March 21st is World Down Syndrome day. It’s one
of those days where the bloggers of the world jump onto the internet to make
sure that everyone knows how fantastic the Trisomy* 21 community is. It’s one of
those days where I’m guaranteed to smile as I read the stories – seeing bits
and pieces of Abigail in all of them. I had this idea that this year I would be
one of those writers – yet I’m having trouble figuring out what to say.

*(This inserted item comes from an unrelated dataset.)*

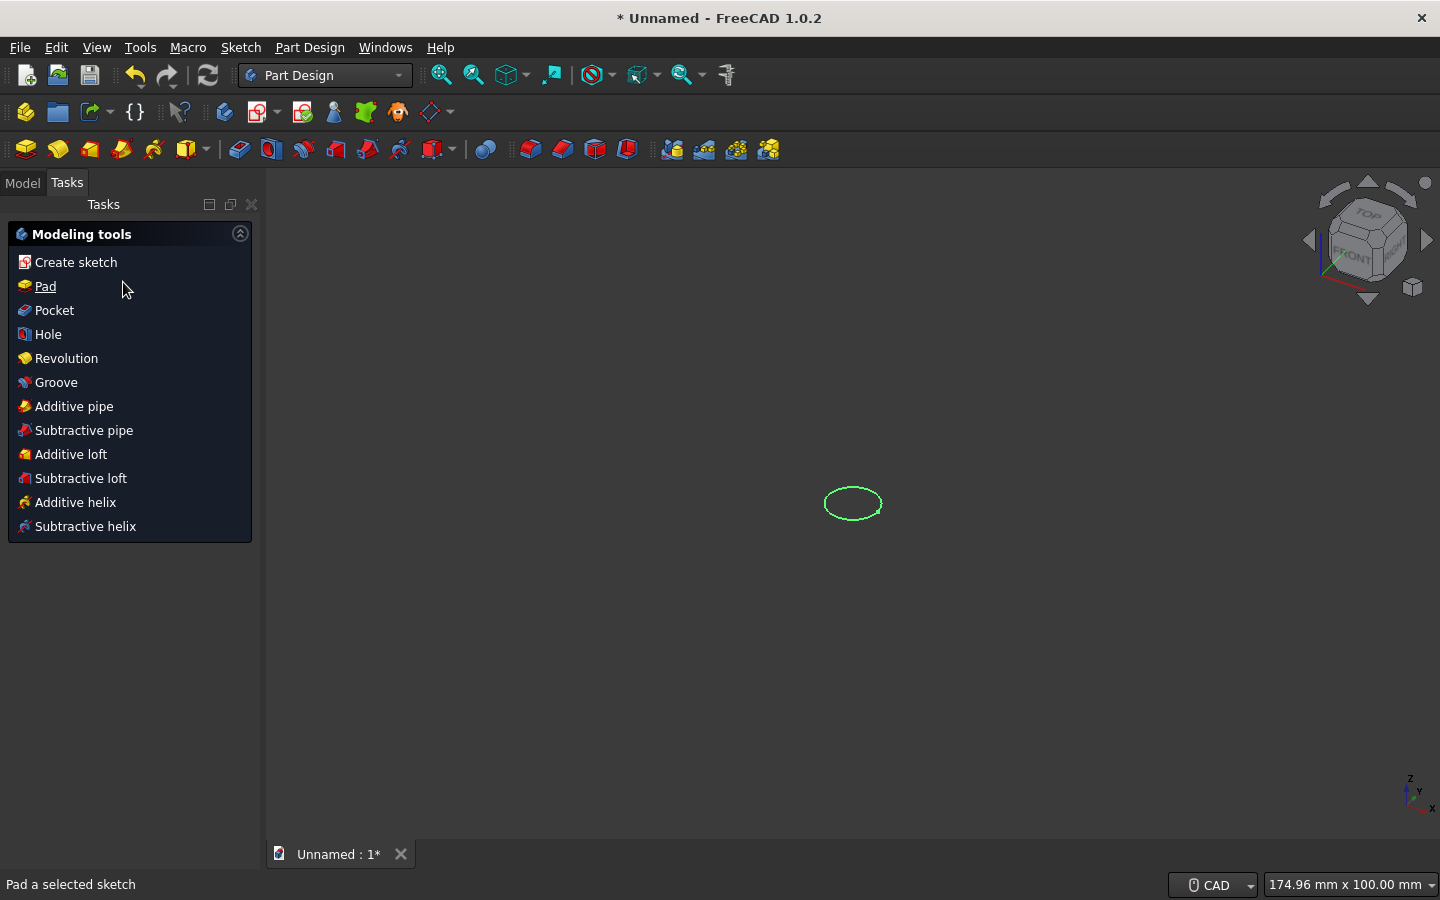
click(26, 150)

The truth is that Down Syndrome is such a tiny piece of how
I see my daughter, it makes focusing only on that piece very difficult. Yes,
she has 47 chromosomes when most other people have 46. Yes, she’s in an Early
Intervention program to give her the best possible chances of success later in
life. Yes, she sees a few more doctors than most kids. But to me, to my husband,
and to most people who know our story, she’s our wonderful unexpected gift.
Abigail is my miracle
baby – my daughter that modern medical testing said wouldn't survive to the end
of my first trimester. She’s the preemie who arrived six weeks too early and
got to have surgery when she was exactly 24 hours old. She’s my little fighter
who has defied every doctor who has tried to suggest a negative outcome for her
health and life. She’s a loving sister who thinks her brother hung the moon -
and she’s determined enough to make sure he never leaves her behind. She’s a
sharp mind that takes in 1000 times more information than anyone realizes – and
who is quickly learning that being cute will get her far in life. But mostly
she’s big eyes, a giant smile, and a loving hug at the end of each day.
Down Syndrome as a whole can be a scary topic. But I honestly believe
that’s because every person who welcomes one of these wonderful babies into
their family is facing the unknown. And the unknown is terrifying. But each
child’s future is unknown – regardless of genetics – and every child deserves
to be celebrated. On March 21st our family celebrates Abigail – my wonderful
gift who happened to come with a little extra.
*I love that the dictionary keeps telling me that Trisomy is not a word.